KB Article #182513
Monitoring B2Bi shared disk access time
Problem
Some issues related to the B2Bi shared file system access could lead to instability :
- between Integrator and Interchange, it results to SystemThrottle issue, warning message in Interchange logs is :
"Engaging the SystemThrottle. File system health: status is I/O is very slow or blocked for directory"
- between TE and IE and Integrator tasks are stopped automaticaly due to "Forced stop detected" displayed in Integrator trace.
Resolution
To monitor the disk access time, it is possible to use the tools b2bi_diskaccesstime.x4.

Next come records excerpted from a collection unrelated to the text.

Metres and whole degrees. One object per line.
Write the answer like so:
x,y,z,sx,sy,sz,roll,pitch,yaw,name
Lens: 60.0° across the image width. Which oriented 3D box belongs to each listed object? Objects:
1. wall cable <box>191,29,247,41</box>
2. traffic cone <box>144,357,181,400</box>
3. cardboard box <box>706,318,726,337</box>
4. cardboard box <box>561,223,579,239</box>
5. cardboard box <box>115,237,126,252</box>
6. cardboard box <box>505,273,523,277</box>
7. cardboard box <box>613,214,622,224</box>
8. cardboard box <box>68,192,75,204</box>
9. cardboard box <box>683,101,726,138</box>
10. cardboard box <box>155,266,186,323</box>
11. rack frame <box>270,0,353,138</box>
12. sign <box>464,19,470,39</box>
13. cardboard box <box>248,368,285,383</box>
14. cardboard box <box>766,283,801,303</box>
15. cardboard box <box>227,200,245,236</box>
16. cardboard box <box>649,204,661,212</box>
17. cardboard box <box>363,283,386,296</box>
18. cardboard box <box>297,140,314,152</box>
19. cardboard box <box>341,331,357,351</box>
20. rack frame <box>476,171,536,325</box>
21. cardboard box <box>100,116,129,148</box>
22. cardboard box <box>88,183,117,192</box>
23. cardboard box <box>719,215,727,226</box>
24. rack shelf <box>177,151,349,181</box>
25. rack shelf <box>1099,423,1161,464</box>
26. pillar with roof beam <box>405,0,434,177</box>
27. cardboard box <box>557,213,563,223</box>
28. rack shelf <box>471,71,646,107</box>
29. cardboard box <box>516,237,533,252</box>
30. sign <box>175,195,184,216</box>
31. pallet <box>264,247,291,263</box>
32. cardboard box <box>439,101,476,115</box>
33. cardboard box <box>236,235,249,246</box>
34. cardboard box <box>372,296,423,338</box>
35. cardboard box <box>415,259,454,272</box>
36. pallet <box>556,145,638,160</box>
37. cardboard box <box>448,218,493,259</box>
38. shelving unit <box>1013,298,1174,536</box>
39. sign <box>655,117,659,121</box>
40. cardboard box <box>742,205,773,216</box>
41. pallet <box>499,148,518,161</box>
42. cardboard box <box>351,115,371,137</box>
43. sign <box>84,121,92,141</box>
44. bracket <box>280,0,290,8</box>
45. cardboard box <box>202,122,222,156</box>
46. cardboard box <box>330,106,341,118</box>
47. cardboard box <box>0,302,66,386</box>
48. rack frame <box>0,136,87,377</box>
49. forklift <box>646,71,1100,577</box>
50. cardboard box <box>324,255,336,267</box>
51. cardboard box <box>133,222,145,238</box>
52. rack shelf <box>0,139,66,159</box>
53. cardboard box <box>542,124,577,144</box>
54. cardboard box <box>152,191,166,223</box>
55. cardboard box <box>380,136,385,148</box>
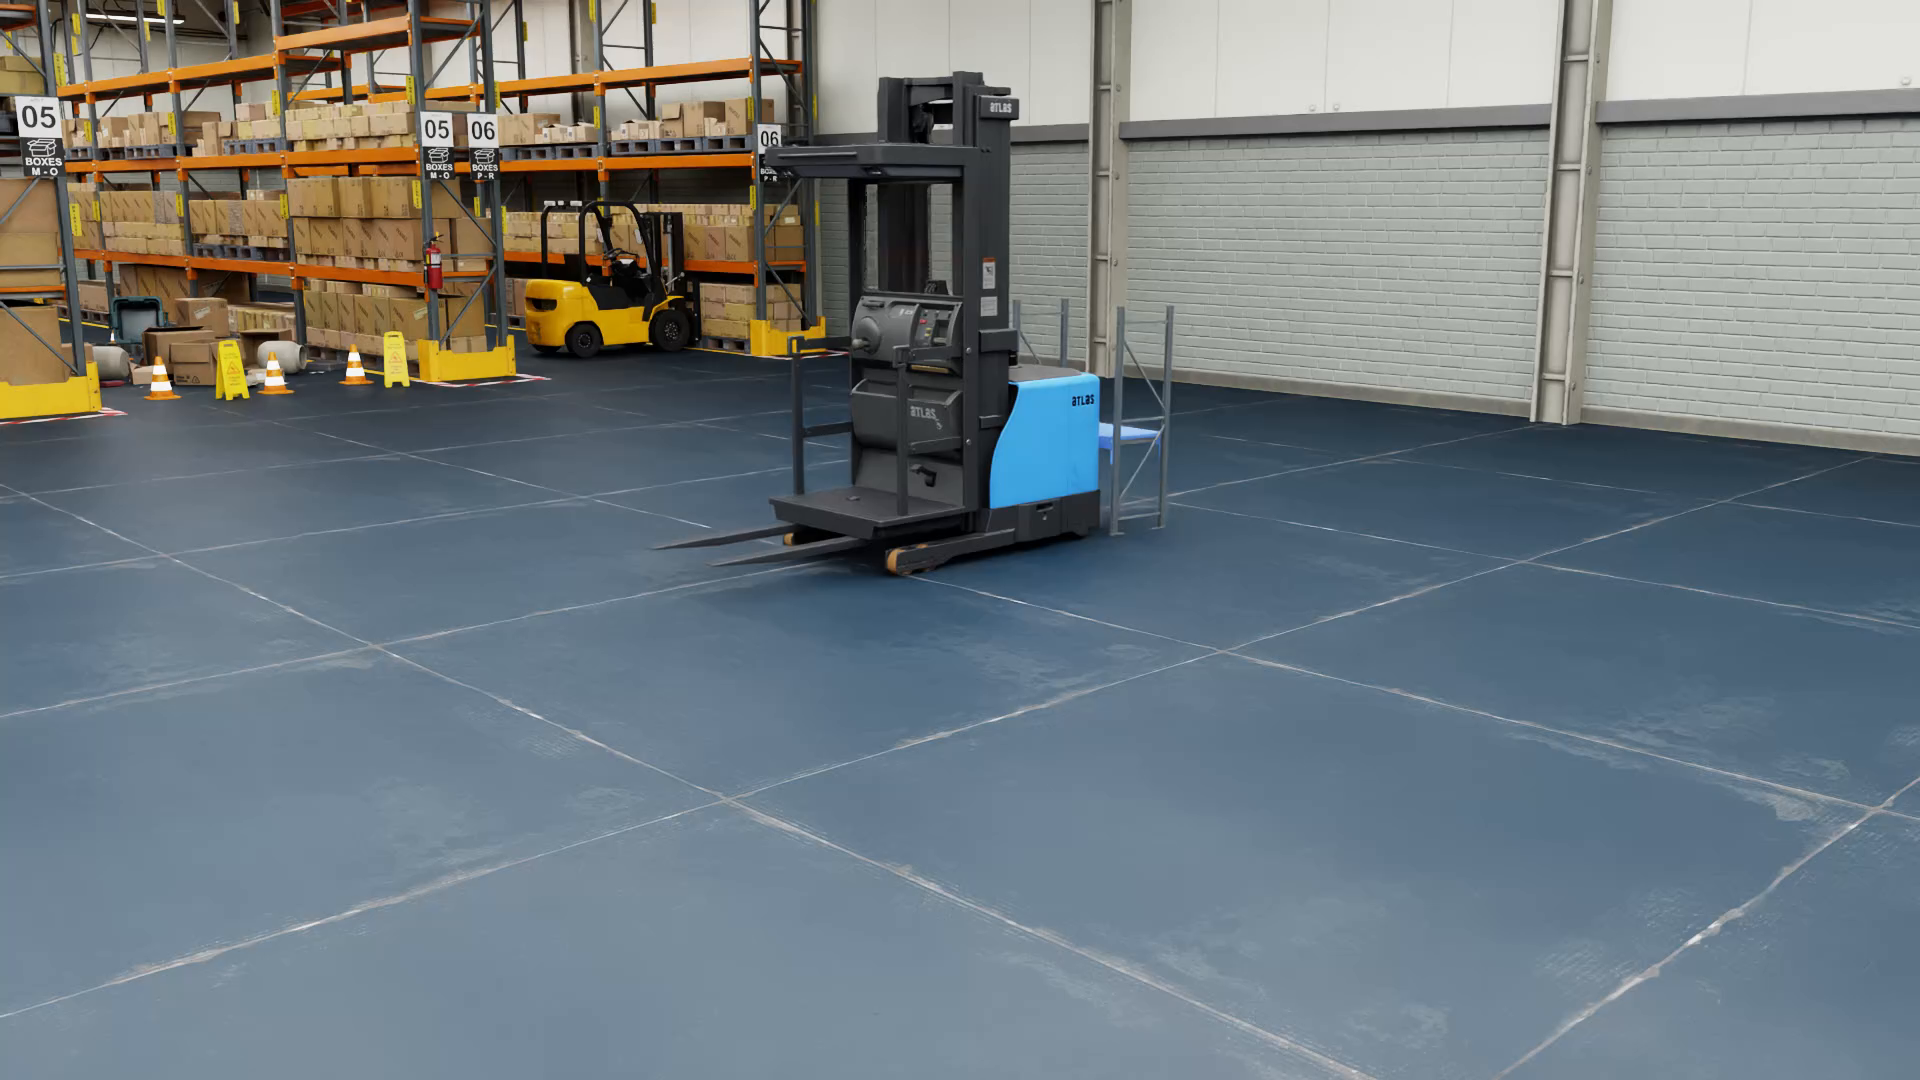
-16.512,-13.178,38.790,2.988,3.039,0.133,-11,16,-43,wall cable
-8.929,-1.814,18.572,0.336,0.463,0.334,-11,16,-43,traffic cone
-3.381,-3.136,24.472,0.500,0.250,0.500,-11,16,-43,cardboard box
-6.138,-5.044,27.091,0.500,0.250,0.500,11,16,44,cardboard box
-13.894,-4.988,28.058,0.500,0.250,0.500,11,16,44,cardboard box
-8.151,-4.765,30.150,0.380,0.149,0.250,-10,15,-40,cardboard box
-5.224,-5.046,26.113,0.380,0.149,0.250,-11,16,-43,cardboard box
-15.594,-5.955,29.655,0.500,0.500,0.500,-11,16,-42,cardboard box
-3.608,-6.145,24.335,0.700,0.500,0.500,-11,16,-42,cardboard box
-12.633,-4.062,27.418,0.875,0.875,0.875,-11,16,-42,cardboard box
-8.841,-7.008,22.627,1.000,3.000,0.127,-11,16,-43,rack frame
-8.402,-8.703,28.344,0.100,0.325,0.005,-11,16,-43,sign
-8.444,-2.000,20.248,0.380,0.149,0.250,-3,12,-13,cardboard box
-2.686,-3.624,24.361,0.500,0.250,0.500,-11,16,-43,cardboard box
-10.384,-4.730,24.412,0.500,0.500,0.500,11,16,43,cardboard box
-4.517,-5.039,25.344,0.380,0.149,0.250,-11,16,-43,cardboard box
-7.475,-3.231,21.466,0.380,0.149,0.250,-10,15,-40,cardboard box
-8.665,-5.290,22.343,0.380,0.149,0.250,-11,16,-42,cardboard box
-7.884,-2.652,22.122,0.500,0.250,0.500,-11,16,-43,cardboard box
-8.016,-5.346,29.426,1.000,3.000,0.127,-11,16,-43,rack frame
-13.967,-6.792,27.724,0.500,0.500,0.500,-11,16,-44,cardboard box
-14.809,-6.094,28.726,0.380,0.149,0.250,-11,16,-44,cardboard box
-3.266,-4.636,24.125,0.380,0.149,0.250,-11,16,-42,cardboard box
-10.222,-5.479,24.419,1.077,0.370,4.000,-11,16,-43,rack shelf
0.878,-0.696,11.437,0.538,0.185,1.000,-8,14,-39,rack shelf
-13.721,-8.495,29.845,9.100,9.000,0.400,-11,16,-43,pillar with roof beam
-6.385,-5.293,27.312,0.250,0.149,0.380,11,16,44,cardboard box
-6.635,-7.444,27.516,1.077,0.370,4.000,-11,16,-43,rack shelf
-7.182,-5.025,28.241,0.500,0.250,0.500,11,16,43,cardboard box
-12.003,-5.143,25.571,0.100,0.325,0.005,-11,16,-43,sign
-9.264,-4.108,23.891,1.003,0.211,1.213,-11,16,-43,pallet
-6.177,-5.303,20.431,0.380,0.149,0.250,-11,16,-43,cardboard box
-10.432,-4.420,24.515,0.380,0.149,0.250,-10,15,-41,cardboard box
-7.183,-2.869,21.317,0.500,0.500,0.500,-10,15,-40,cardboard box
-6.492,-3.388,20.544,0.380,0.149,0.250,-10,15,-41,cardboard box
-5.872,-6.264,26.925,1.217,0.209,0.805,11,16,43,pallet
-6.205,-3.789,20.882,0.500,0.500,0.500,-11,16,-43,cardboard box
0.881,-0.873,11.403,0.538,1.500,1.048,-8,14,-39,shelving unit
-4.853,-6.601,26.606,0.100,0.325,0.005,-11,16,-43,sign
-2.891,-4.714,23.764,0.380,0.149,0.250,-11,16,-42,cardboard box
-7.483,-6.636,28.722,1.213,0.211,1.003,-10,15,-40,pallet
-7.335,-5.213,20.983,0.500,0.250,0.500,-10,16,-41,cardboard box
-14.766,-6.921,28.160,0.100,0.325,0.005,-11,16,-43,sign
-14.721,-11.624,36.110,0.235,0.232,0.430,-11,16,-43,bracket
-10.956,-6.032,25.075,0.700,0.500,0.500,-11,16,-43,cardboard box
-7.921,-5.533,21.545,0.380,0.149,0.250,-11,16,-43,cardboard box
-10.105,-2.036,17.587,0.875,0.875,0.875,-11,16,-42,cardboard box
-9.589,-2.782,16.979,1.000,3.000,0.127,-11,16,-43,rack frame
-0.488,-1.336,10.131,3.031,2.935,1.130,-11,16,-42,forklift
-8.292,-3.751,22.307,0.380,0.149,0.250,-10,15,-41,cardboard box
-13.205,-5.082,27.279,0.500,0.250,0.500,11,16,43,cardboard box
-10.970,-4.190,18.166,1.077,0.370,4.000,-11,16,-43,rack shelf
-6.460,-6.626,27.138,0.500,0.311,0.500,11,16,43,cardboard box
-12.510,-5.305,26.502,0.500,0.500,0.500,-11,16,-42,cardboard box
-7.009,-4.967,20.775,0.380,0.149,0.250,-11,16,-42,cardboard box

Once the similar issue occurred, we will have the shared disk respond time.
Here is an example of a custom script that can be used to monitor the B2BI_SHARED_DATA disk access time every 1 minute.
8<------------------------8<------------------------8<------------------------8<------------------------8<------------------------8<------------------------
#!/bin/bash
cd /opt/axway/Integrator
. ./profile
while true
do
echo "********************************************************" >> /opt/tmp/Result_b2bi_shared_data_diskaccesstime.txt
date >> /opt/tmp/Result_b2bi_shared_data_diskaccesstime.txt
r4edi b2bi_diskaccesstime.x4 $B2BI_SHARED_DATA >> /opt/tmp/Result_b2bi_shared_data_diskaccesstime.txt
sleep 60
done
------------------------>8------------------------>8------------------------>8------------------------>8------------------------>8------------------------>8
1) Copy the content in a file "B2BI_SHARED_DATA_diskaccesstime.sh".
2) Adapt "/opt/axway/Integrator" and "/opt/tmp/" to your environment.
3) Use command "./B2BI_SHARED_DATA_diskaccesstime.sh &" to run it in background.
4) Check the value of synchronized/unsynchronized when the issue occurred.
Extract from B2Bi AdministratorGuide, chapter "I/O management".
Example results
> r4edi diskaccess.x4 Synchronized Unsynchronized B2BI_SHARE_DATA1.220 ms 0.085 ms CORE_ROOT1.395 ms 0.085 ms CORE_DATA1.385 ms 0.050 ms
Analyze the results
A time (synchronized access time) of <5 ms is a desired value. A synchronized time in the range of 5-10 ms is an acceptable value, but may indicate the need for additional cluster tuning to improve overall performance and reduce communication errors. The unsynchronized access time must be lower than or equal to the synchronized access time.